The following post describes an opportunity for community involvement that I thought readers should know about. Next Saturday, August 10, from 9 to noon, volunteers are needed to help “Clean up and Green Up the Hodiamont Tracks.”
The purpose of the event is to stimulate interest in the development of the abandoned Metro (Bi-State) right-of-way as part of Great Rivers Greenway’s network of trails throughout the region.
“The Hodiamont Tracks are an inactive space that have the potential to become a greenway where people could walk, jog, ride a bicycle, push a stroller, use a wheelchair or have a picnic.”
Next Saturday’s community-wide effort is spearheaded by Judith Arnold, a resident of the Vandeventer neighborhood, who initially gathered a group of about 20 women from the 7 neighborhoods that border the Tracks to get the effort going. Since that first meeting in early July, the group has expanded to include an additional 20 or so organizers.
So far, about 160 volunteers have signed up for the project. Arnold is hoping for a total of 200 people to volunteer and register. See more information at end of the post on how to participate.
I am on the organizing committee and have driven the length of the 3.5 mile Tracks, which were originally a trolley line and later a bus route, and taken pictures to give you an idea of what current conditions look like.

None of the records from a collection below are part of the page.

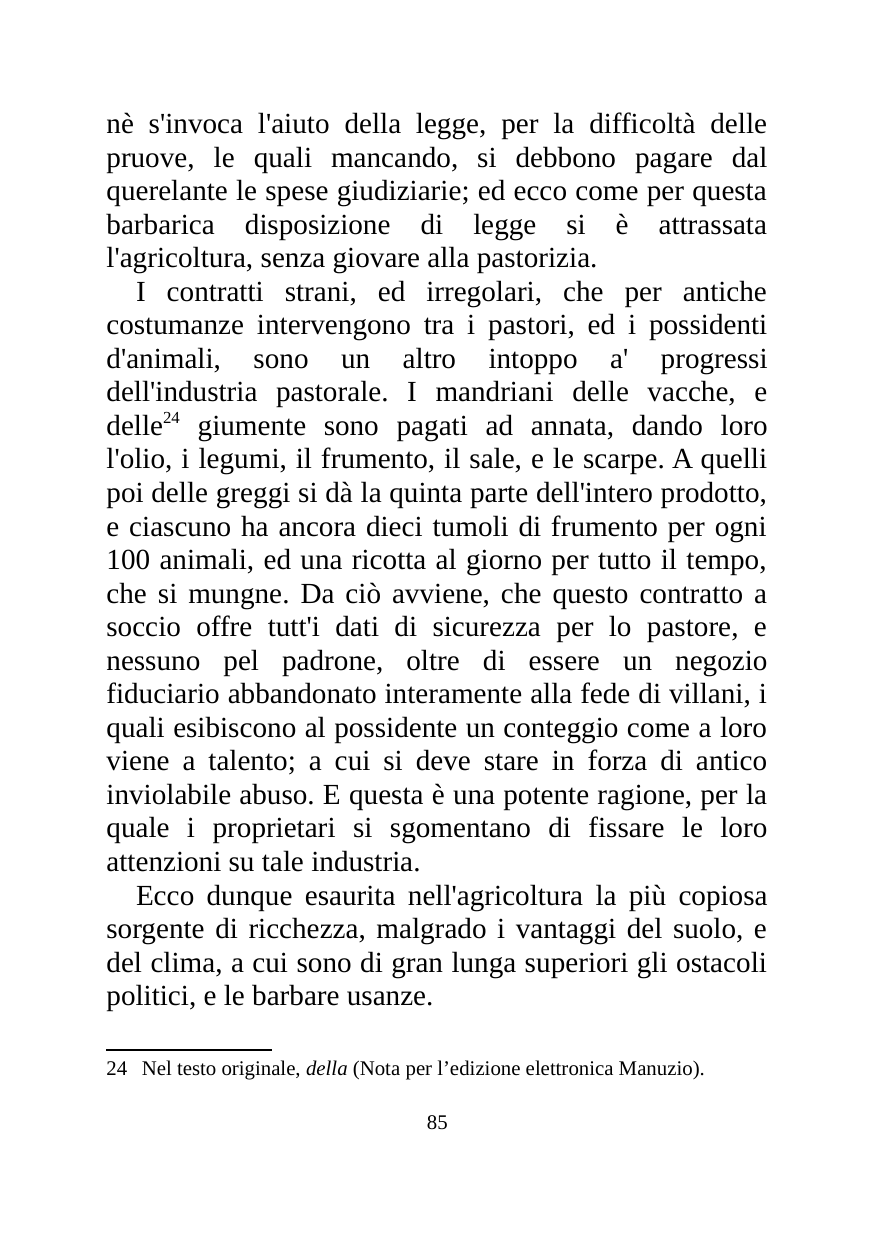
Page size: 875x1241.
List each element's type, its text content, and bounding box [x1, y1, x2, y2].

text Nel testo originale, della (Nota per l’edizione elettronica Manuzio). [106, 1056, 768, 1080]
text Ecco dunque esaurita nell'agricoltura la più copiosa sorgente di ricchezza, malgrado i vantaggi del suolo, e del clima, a cui sono di gran lunga superiori gli ostacoli politici, e le barbare usanze. [106, 878, 768, 1012]
text I contratti strani, ed irregolari, che per antiche costumanze intervengono tra i pastori, ed i possidenti d'animali, sono un altro intoppo a' progressi dell'industria pastorale. I mandriani delle vacche, e delle giumente sono pagati ad annata, dando loro l'olio, i legumi, il frumento, il sale, e le scarpe. A quelli poi delle greggi si dà la quinta parte dell'intero prodotto, e ciascuno ha ancora dieci tumoli di frumento per ogni 100 animali, ed una ricotta al giorno per tutto il tempo, che si mungne. Da ciò avviene, che questo contratto a soccio offre tutt'i dati di sicurezza per lo pastore, e nessuno pel padrone, oltre di essere un negozio fiduciario abbandonato interamente alla fede di villani, i quali esibiscono al possidente un conteggio come a loro viene a talento; a cui si deve stare in forza di antico inviolabile abuso. E questa è una potente ragione, per la quale i proprietari si sgomentano di fissare le loro attenzioni su tale industria. [106, 274, 768, 878]
text nè s'invoca l'aiuto della legge, per la difficoltà delle pruove, le quali mancando, si debbono pagare dal querelante le spese giudiziarie; ed ecco come per questa barbarica disposizione di legge si è attrassata l'agricoltura, senza giovare alla pastorizia. [106, 106, 768, 274]

It’s a mixed bag, ranging from surprisingly green and quiet sections to littered/overgrown dumping grounds.
Committee members who live adjacent to the Tracks lament that illegal dumping of trash in their backyards is a common occurrence.
The City of St. Louis Forestry and Refuse Divisions have been providing preliminary services in advance of the cleanup day, and will be out in force to assist on August 10. The task that day will be to put the finishing touches on the cleanup effort and to demonstrate that there is broad community support for the development of a new greenway along the abandoned route.
“One of the major concerns is ongoing maintenance,” said Judith Arnold. “We’re beginning to tackle this issue with a cleanup day in hopes that residents living near the Tracks will continue to maintain what will become a greenway.”
The Tracks begin just west of Vandeventer Ave. in the Covenant Blu-Grand neighborhood, and continue westward through the Vandeventer, Lewis Place, Fountain Park, Academy/Sherman, Visitation Park and the West End neighborhoods, terminating at Gwen Giles Park near the city limits. (see map here)
The photo above shows new buildings under construction on the Ranken Technical College campus, which also borders the Hodiamont Tracks.
Close to Skinker Blvd., near the western terminus of the Tracks, there’s a charming neighborhood in the City’s 26th Ward that was a total surprise to me. Gardens and manicured lawns occupy common areas adjacent to the tracks, and many of the houses and surrounding yards look like they could be on a country lane.
The Ruth Porter Mall, which starts at DeBaliviere and Delmar, intersects the Hodiamont Tracks several blocks north and offers an example of what the Tracks could become.
Though 95% of residents who participated in an engagement study conducted by Great Rivers Greenway say they want a greenway along the Hodiamont Tracks, the decision to include the 3.5 mile stretch as part of the Greenway system is not a done deal. If the decision is made to proceed, residents see the potential for increased property values, enhanced safety, and beautification.
Arnold is joined in leadership efforts by Tom Schweiss (Great Rivers Greenway), Constance Siu (North Newstead Association), Todd Martin (Mission STL) and others.
Volunteers are scheduled to meet at Lane Tabernacle CME Church, 910 N. Newstead, Saturday, August 10 at 9 a.m. to get their assignments. Gloves, rakes, shovels etc. will be provided by Operation Brightside. All participants are invited to return to the church at noon for a picnic lunch and celebration of a job well done.